* TRY IT: Could you retype all of the records exactly, leaving out every picture?

* INFORMATION SUPPLIED:
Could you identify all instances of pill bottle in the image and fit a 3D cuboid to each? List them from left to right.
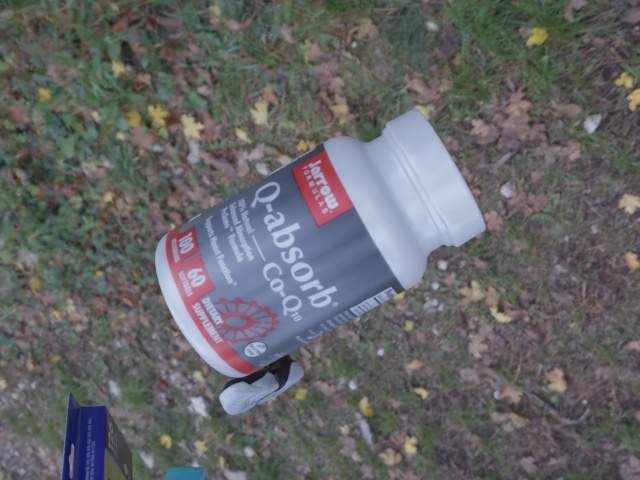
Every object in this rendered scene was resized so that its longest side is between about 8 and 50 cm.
[{"bbox_3d":[0.000,0.000,0.865,0.210,0.363,0.210,58,-172,-13],"label":"pill bottle"}]

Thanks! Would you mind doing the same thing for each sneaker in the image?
[{"bbox_3d":[-0.140,0.238,1.350,0.101,0.269,0.153,-39,76,17],"label":"sneaker"}]

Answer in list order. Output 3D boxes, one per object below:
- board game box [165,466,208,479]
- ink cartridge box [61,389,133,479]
[{"bbox_3d":[-0.257,0.618,1.252,0.079,0.336,0.253,-3,110,4],"label":"board game box"},{"bbox_3d":[-0.473,0.525,1.510,0.307,0.072,0.303,86,172,-46],"label":"ink cartridge box"}]

* EXERCISE ANSWER:
Could you identify all instances of pill bottle in the image and fit a 3D cuboid to each? List them from left to right.
Every object in this rendered scene was resized so that its longest side is between about 8 and 50 cm.
[{"bbox_3d":[0.000,0.000,0.865,0.210,0.363,0.210,58,-172,-13],"label":"pill bottle"}]

Thanks! Would you mind doing the same thing for each sneaker in the image?
[{"bbox_3d":[-0.140,0.238,1.350,0.101,0.269,0.153,-39,76,17],"label":"sneaker"}]

Answer in list order. Output 3D boxes, one per object below:
- board game box [165,466,208,479]
- ink cartridge box [61,389,133,479]
[{"bbox_3d":[-0.257,0.618,1.252,0.079,0.336,0.253,-3,110,4],"label":"board game box"},{"bbox_3d":[-0.473,0.525,1.510,0.307,0.072,0.303,86,172,-46],"label":"ink cartridge box"}]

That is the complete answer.